We headed over the Golden Gate Bridge and snaked along the Pacific Coast Highway, stopping in whatever little Marin County town suited our fancy. After respites in Dogtown, Olema, Inverness and a few others, we ended the day in Point Reyes Station an little tourist town that still manages to feel like an artists outpost in the mountains.

When in Point Reyes Station, the staff of Where’s There’s Smoke recommend a visit to Gallery Route One, an arist-run cooperative space doing excellent work in sculpture, painting and installation as well as a stop by Point Reyes Books, a solid neighborhood bookstore with the most comfortable seating area my butt has seen in quite some time.

Moving While Standing Still:

See, the thing that sucks about new friends is that just as ya start to get to know each other, they leave. I know it’s not personal. It’s just that good-bye always makes me so sad.
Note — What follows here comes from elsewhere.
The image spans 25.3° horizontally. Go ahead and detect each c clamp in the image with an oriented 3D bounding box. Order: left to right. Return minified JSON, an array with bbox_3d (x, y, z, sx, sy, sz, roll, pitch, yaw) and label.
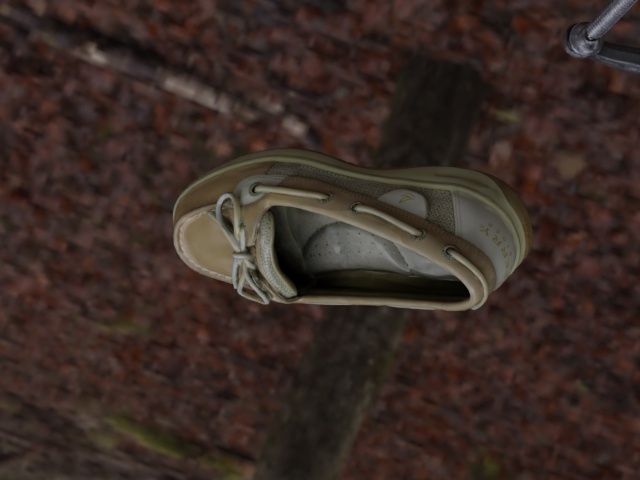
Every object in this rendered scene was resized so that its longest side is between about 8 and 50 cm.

I hate to see people leave this place that I’ve grown to love so much and some irrational part of me wants to keep it under glass, the same unsmudged jewel-like city I moved to nearly 3 years ago. But San Francisco, from the outragous cost of living to the frenetic pace of life, to the earth rumbling beneath our feet, is not an easy place to lay down roots. I’m going to try but seeing people I know leave makes me, even for a silly moment, question that decision.

It’s so beautiful here today. I really can’t imagine wanting to be anywhere else. And thank God for a while at least, I don’t have to.